● Assignment
Could you repeat, word for word, every line from the one containing "Example of the" through the final line of the records below, and nothing else?

START The data

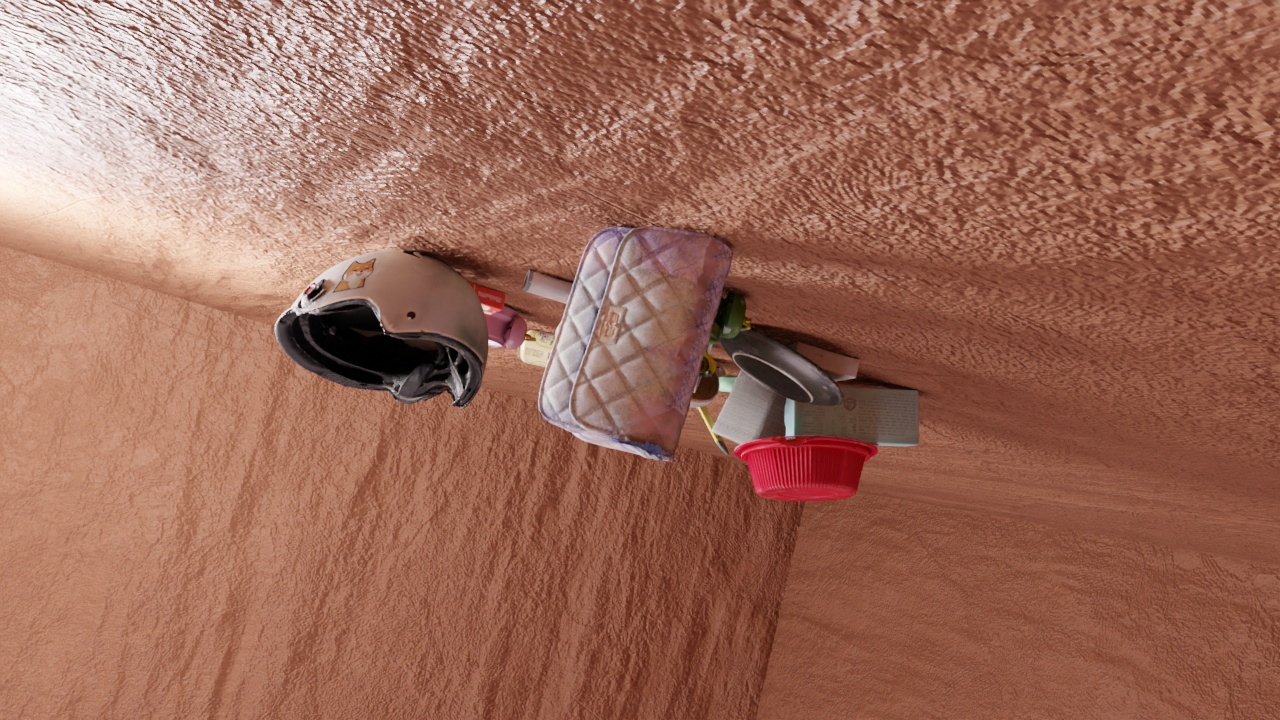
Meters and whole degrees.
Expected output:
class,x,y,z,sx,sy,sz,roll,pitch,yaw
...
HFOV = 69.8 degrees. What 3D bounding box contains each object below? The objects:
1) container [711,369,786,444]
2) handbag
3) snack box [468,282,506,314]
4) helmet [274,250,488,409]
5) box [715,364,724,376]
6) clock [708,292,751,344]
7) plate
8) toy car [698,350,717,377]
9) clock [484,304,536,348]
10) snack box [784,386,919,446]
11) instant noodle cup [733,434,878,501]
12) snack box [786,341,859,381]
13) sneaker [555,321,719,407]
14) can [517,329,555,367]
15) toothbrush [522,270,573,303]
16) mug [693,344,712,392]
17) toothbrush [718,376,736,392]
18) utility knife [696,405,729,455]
class,x,y,z,sx,sy,sz,roll,pitch,yaw
container,0.178,0.074,1.348,0.090,0.114,0.090,23,179,42
handbag,-0.006,-0.018,0.795,0.134,0.193,0.075,10,169,29
snack box,-0.271,-0.100,1.291,0.152,0.025,0.075,17,171,-19
helmet,-0.313,-0.056,1.175,0.275,0.156,0.230,3,150,28
box,0.042,0.024,1.396,0.163,0.083,0.075,14,166,23
clock,0.043,-0.054,0.956,0.161,0.056,0.116,19,171,-31
plate,0.167,0.014,1.134,0.179,0.024,0.179,30,168,7
toy car,0.031,-0.016,0.921,0.105,0.032,0.048,30,166,-23
clock,-0.235,-0.056,1.411,0.158,0.059,0.117,16,173,-27
snack box,0.284,0.075,1.235,0.175,0.074,0.052,2,172,-1
instant noodle cup,0.222,0.150,1.238,0.194,0.065,0.194,2,163,1
snack box,0.210,0.007,1.181,0.084,0.027,0.157,15,172,-10
sneaker,-0.008,0.008,1.295,0.241,0.118,0.088,20,154,-1
can,-0.142,-0.014,1.540,0.116,0.058,0.058,12,172,13
toothbrush,-0.034,-0.065,1.115,0.221,0.026,0.026,16,-149,-14
mug,0.027,-0.012,1.217,0.123,0.078,0.078,18,173,8
toothbrush,0.153,0.040,1.504,0.225,0.027,0.026,2,129,56
utility knife,0.095,0.068,1.433,0.031,0.022,0.220,47,-163,-40
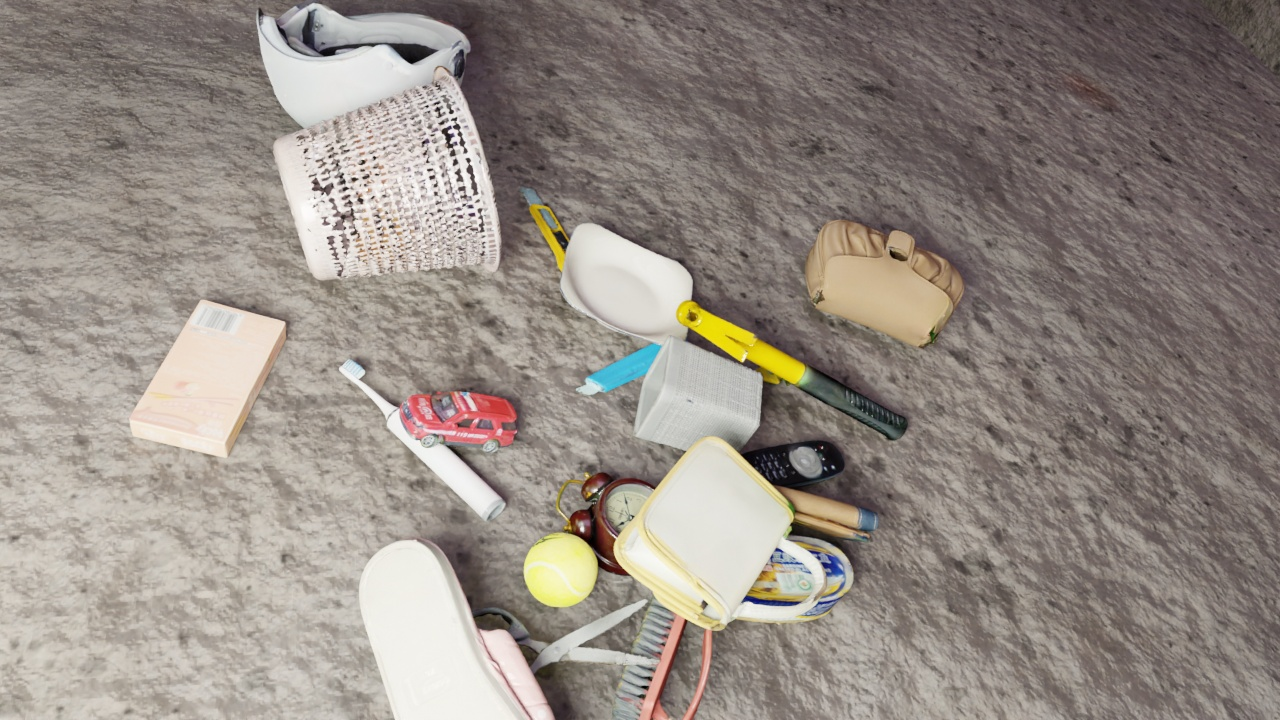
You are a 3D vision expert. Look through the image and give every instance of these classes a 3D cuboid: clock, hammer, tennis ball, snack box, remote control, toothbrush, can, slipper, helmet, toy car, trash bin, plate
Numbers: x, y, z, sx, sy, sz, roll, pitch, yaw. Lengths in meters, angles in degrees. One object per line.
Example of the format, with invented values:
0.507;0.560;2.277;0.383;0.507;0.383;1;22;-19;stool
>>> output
-0.024;0.152;0.875;0.122;0.055;0.081;25;47;-3;clock
0.179;0.016;1.033;0.300;0.033;0.129;27;6;-19;hammer
-0.071;0.187;0.820;0.065;0.066;0.065;11;48;-13;tennis ball
-0.403;0.014;0.866;0.084;0.026;0.157;16;47;-9;snack box
0.161;0.117;1.000;0.136;0.024;0.053;-6;51;-27;remote control
-0.216;0.074;0.889;0.221;0.027;0.026;40;73;15;toothbrush
0.131;0.210;0.890;0.148;0.049;0.074;6;49;-16;can
-0.135;0.263;0.711;0.274;0.114;0.054;57;10;20;slipper
-0.326;-0.337;1.112;0.229;0.146;0.257;18;28;11;helmet
-0.174;0.056;0.887;0.120;0.045;0.053;6;35;-42;toy car
-0.272;-0.180;0.975;0.192;0.228;0.227;-17;58;-17;trash bin
-0.019;-0.082;1.082;0.164;0.034;0.163;24;42;-13;plate

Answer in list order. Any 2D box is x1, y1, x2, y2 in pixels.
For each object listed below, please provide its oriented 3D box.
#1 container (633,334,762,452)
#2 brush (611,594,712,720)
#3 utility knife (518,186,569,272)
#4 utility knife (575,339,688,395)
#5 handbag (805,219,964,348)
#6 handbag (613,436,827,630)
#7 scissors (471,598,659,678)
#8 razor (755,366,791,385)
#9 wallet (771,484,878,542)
0.064;0.045;0.981;0.114;0.090;0.090;20;47;-9;container
0.029;0.255;0.803;0.069;0.063;0.145;18;44;10;brush
-0.106;-0.154;1.135;0.033;0.015;0.192;-12;56;-33;utility knife
-0.006;0.006;1.035;0.161;0.018;0.034;-25;51;-35;utility knife
0.319;-0.105;1.201;0.204;0.100;0.147;21;50;1;handbag
0.081;0.174;0.829;0.179;0.063;0.162;40;42;6;handbag
-0.077;0.245;0.770;0.159;0.014;0.178;31;61;25;scissors
0.115;0.016;1.064;0.132;0.028;0.043;-4;66;-31;razor
0.173;0.154;0.932;0.115;0.090;0.033;17;76;-7;wallet

END The data

● Your response
Example of the format, with invented values:
0.507;0.560;2.277;0.383;0.507;0.383;1;22;-19;stool
>>> output
-0.024;0.152;0.875;0.122;0.055;0.081;25;47;-3;clock
0.179;0.016;1.033;0.300;0.033;0.129;27;6;-19;hammer
-0.071;0.187;0.820;0.065;0.066;0.065;11;48;-13;tennis ball
-0.403;0.014;0.866;0.084;0.026;0.157;16;47;-9;snack box
0.161;0.117;1.000;0.136;0.024;0.053;-6;51;-27;remote control
-0.216;0.074;0.889;0.221;0.027;0.026;40;73;15;toothbrush
0.131;0.210;0.890;0.148;0.049;0.074;6;49;-16;can
-0.135;0.263;0.711;0.274;0.114;0.054;57;10;20;slipper
-0.326;-0.337;1.112;0.229;0.146;0.257;18;28;11;helmet
-0.174;0.056;0.887;0.120;0.045;0.053;6;35;-42;toy car
-0.272;-0.180;0.975;0.192;0.228;0.227;-17;58;-17;trash bin
-0.019;-0.082;1.082;0.164;0.034;0.163;24;42;-13;plate

Answer in list order. Any 2D box is x1, y1, x2, y2 in pixels.
For each object listed below, please provide its oriented 3D box.
#1 container (633,334,762,452)
#2 brush (611,594,712,720)
#3 utility knife (518,186,569,272)
#4 utility knife (575,339,688,395)
#5 handbag (805,219,964,348)
#6 handbag (613,436,827,630)
#7 scissors (471,598,659,678)
#8 razor (755,366,791,385)
#9 wallet (771,484,878,542)
0.064;0.045;0.981;0.114;0.090;0.090;20;47;-9;container
0.029;0.255;0.803;0.069;0.063;0.145;18;44;10;brush
-0.106;-0.154;1.135;0.033;0.015;0.192;-12;56;-33;utility knife
-0.006;0.006;1.035;0.161;0.018;0.034;-25;51;-35;utility knife
0.319;-0.105;1.201;0.204;0.100;0.147;21;50;1;handbag
0.081;0.174;0.829;0.179;0.063;0.162;40;42;6;handbag
-0.077;0.245;0.770;0.159;0.014;0.178;31;61;25;scissors
0.115;0.016;1.064;0.132;0.028;0.043;-4;66;-31;razor
0.173;0.154;0.932;0.115;0.090;0.033;17;76;-7;wallet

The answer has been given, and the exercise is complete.